# Solving the terminal velocity equation with a initial velocity.

I was trying to create a better answer for this Stack Overflow question. I wanted to give the person a example of code using air resistance however every example on the net I find shows the formula : $$v(t) = \frac{1}{\alpha}\tanh(\alpha g t)$$ That assumes 0 starting velocity, I noticed they had "Parachute" variables so I assumed at some point in the future a parachute would be opened.

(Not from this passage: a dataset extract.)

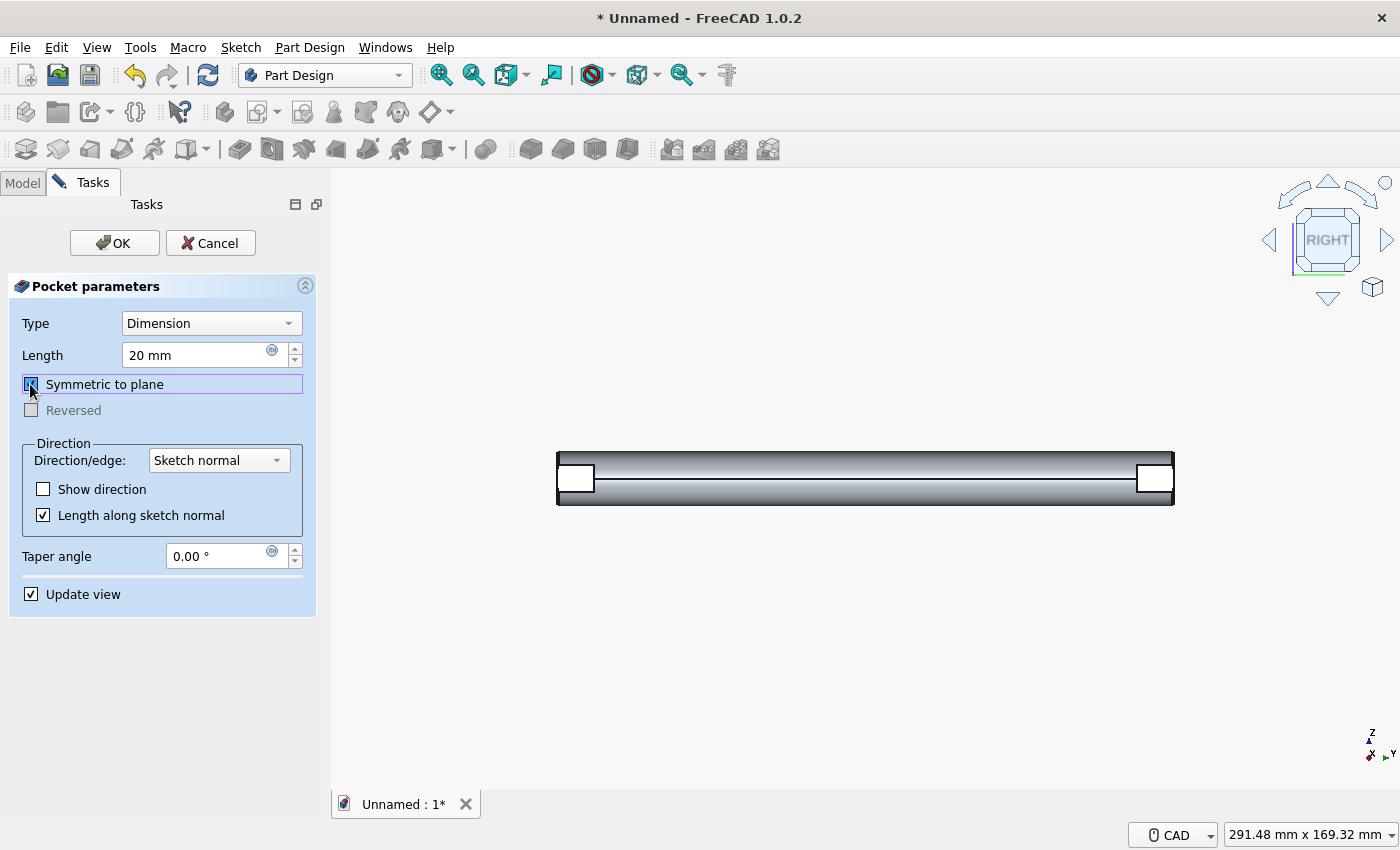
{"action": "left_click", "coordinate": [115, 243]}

The problem I encounter is that I no longer have a starting velocity and time of 0, I tried to follow the derivation on the Terminal Velocity Wikipedia page but it has been too long and I do not know my calculus well enough anymore to change

$$t-0={1 \over g} \left[{\ln \frac{1+\alpha v^\prime}{1-\alpha v^\prime} \over 2\alpha}+C \right]_{v^\prime=0}^{v^\prime=v_t}$$

into

$$t-t_i={1 \over g} \left[{\ln \frac{1+\alpha v^\prime}{1-\alpha v^\prime} \over 2\alpha}+C \right]_{v^\prime={v_i}}^{v^\prime=v_t}$$ The farthest I got trying to find $v(t)$ was $$v(t) = \frac{1}{\alpha}\tanh(\alpha g t) , t < t_p$$ $$t - t_p=\frac1{\alpha g}({\mathrm{arctanh}(\alpha v)}-\mathrm{arctanh}(\alpha v_p)), t >= t_p$$

Can anyone help me out with the last steps, and please show the intermediate steps so I can learn how to do similar things in the future.

Also any help on finding $x(t)$ would be appreaceated too as I know I will likely have trouble finding that too.